The problem: With the pictures left out, output the records below exactly.

Stored data entries:
———

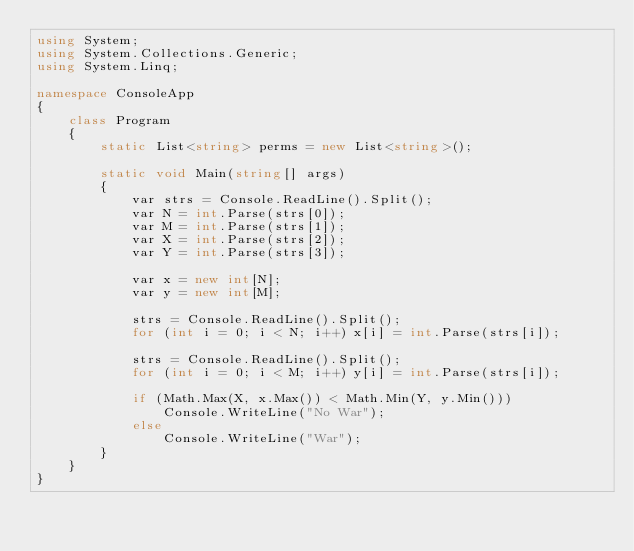<code> <loc_0><loc_0><loc_500><loc_500><_C#_>using System;
using System.Collections.Generic;
using System.Linq;

namespace ConsoleApp
{
    class Program
    {
        static List<string> perms = new List<string>();

        static void Main(string[] args)
        {
            var strs = Console.ReadLine().Split();
            var N = int.Parse(strs[0]);
            var M = int.Parse(strs[1]);
            var X = int.Parse(strs[2]);
            var Y = int.Parse(strs[3]);

            var x = new int[N];
            var y = new int[M];

            strs = Console.ReadLine().Split();
            for (int i = 0; i < N; i++) x[i] = int.Parse(strs[i]);

            strs = Console.ReadLine().Split();
            for (int i = 0; i < M; i++) y[i] = int.Parse(strs[i]);

            if (Math.Max(X, x.Max()) < Math.Min(Y, y.Min()))
                Console.WriteLine("No War");
            else
                Console.WriteLine("War");
        }
    }
}
</code> 
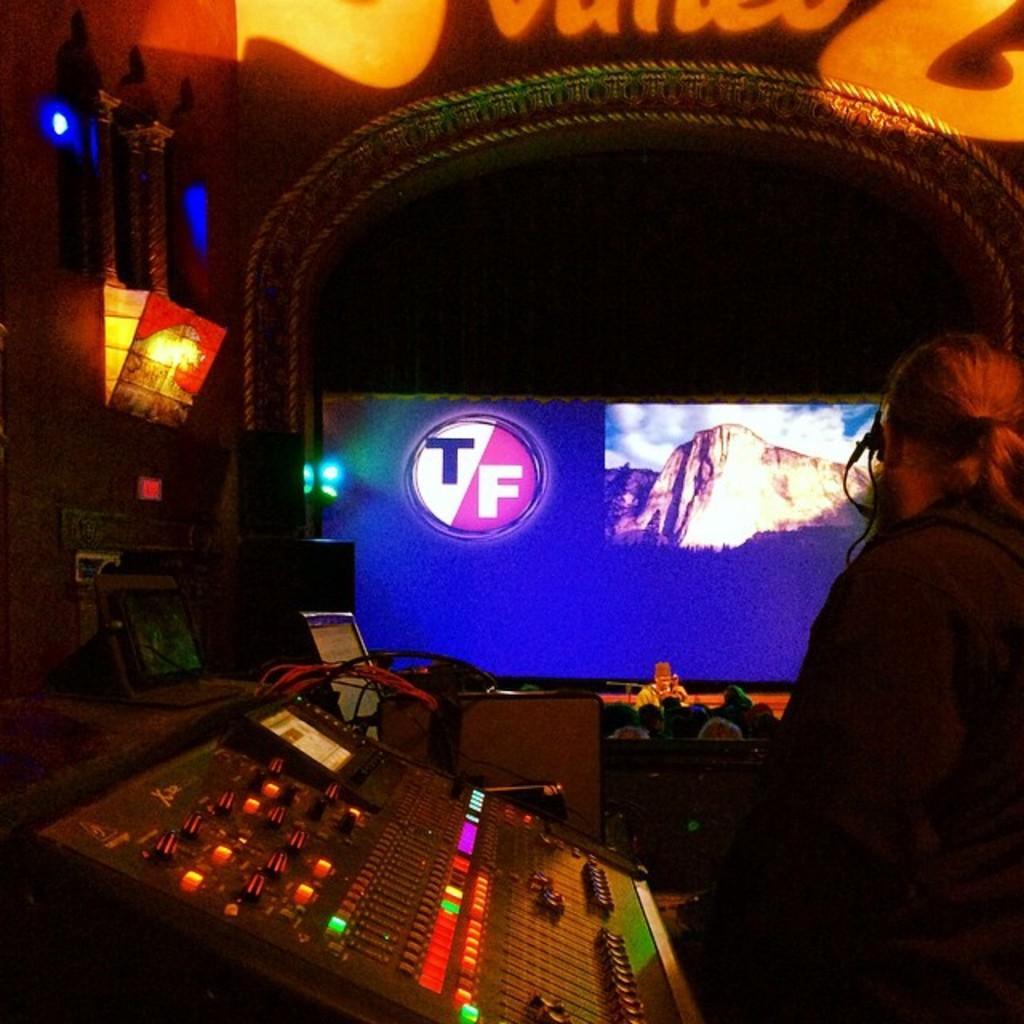Please provide a concise description of this image. In this picture we can see a person is standing on the right side, at the bottom there is an audio controller, in the background there is a screen, we can see some people in the middle, there is a light on the left side, we can also see some wires in the middle. 
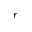<formula> <loc_0><loc_0><loc_500><loc_500>r</formula> 
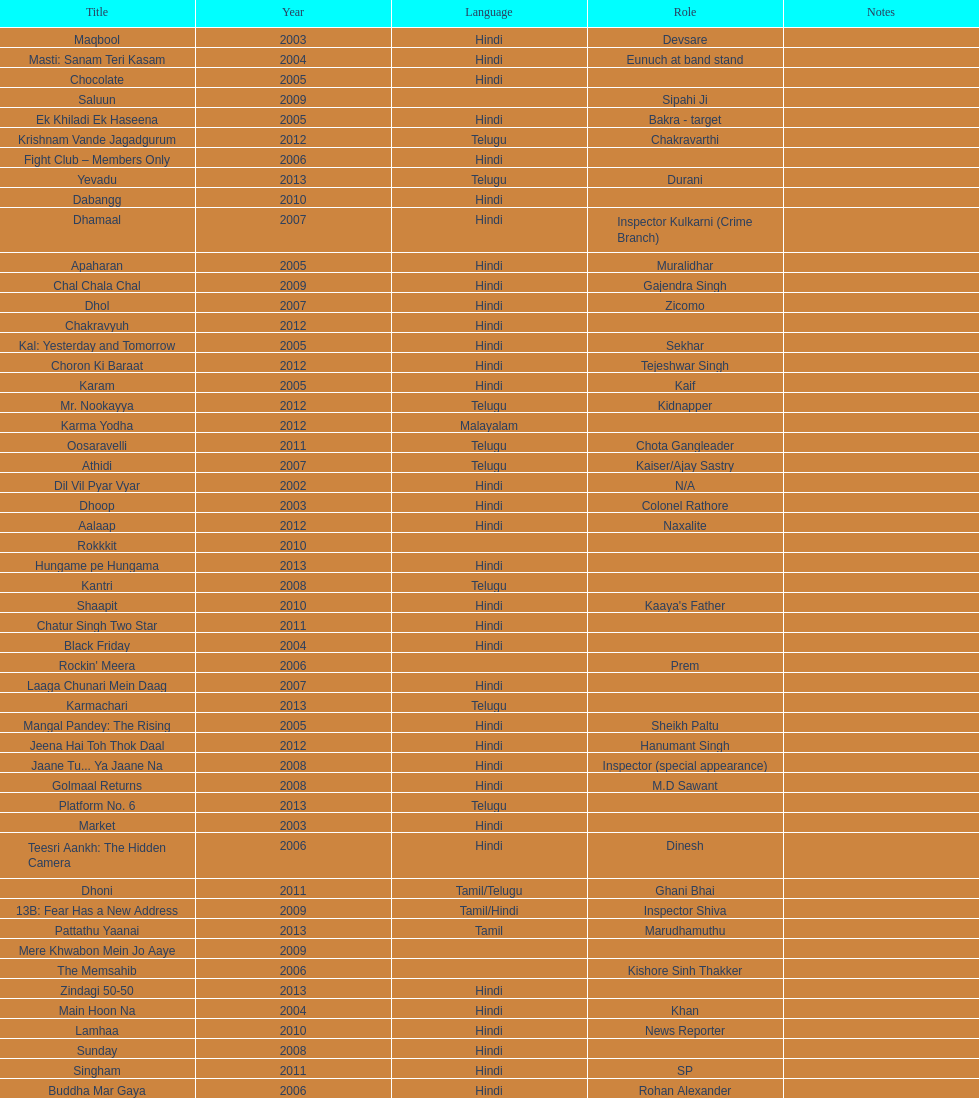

———

Output of the task:
<code> <loc_0><loc_0><loc_500><loc_500><_C#_>using System;
using System.Collections.Generic;
using System.Linq;

namespace ConsoleApp
{
    class Program
    {
        static List<string> perms = new List<string>();

        static void Main(string[] args)
        {
            var strs = Console.ReadLine().Split();
            var N = int.Parse(strs[0]);
            var M = int.Parse(strs[1]);
            var X = int.Parse(strs[2]);
            var Y = int.Parse(strs[3]);

            var x = new int[N];
            var y = new int[M];

            strs = Console.ReadLine().Split();
            for (int i = 0; i < N; i++) x[i] = int.Parse(strs[i]);

            strs = Console.ReadLine().Split();
            for (int i = 0; i < M; i++) y[i] = int.Parse(strs[i]);

            if (Math.Max(X, x.Max()) < Math.Min(Y, y.Min()))
                Console.WriteLine("No War");
            else
                Console.WriteLine("War");
        }
    }
}
</code> 
Please provide a concise description of this image. In this picture we can see a person is standing on the right side, at the bottom there is an audio controller, in the background there is a screen, we can see some people in the middle, there is a light on the left side, we can also see some wires in the middle. 
<formula> <loc_0><loc_0><loc_500><loc_500>r</formula> 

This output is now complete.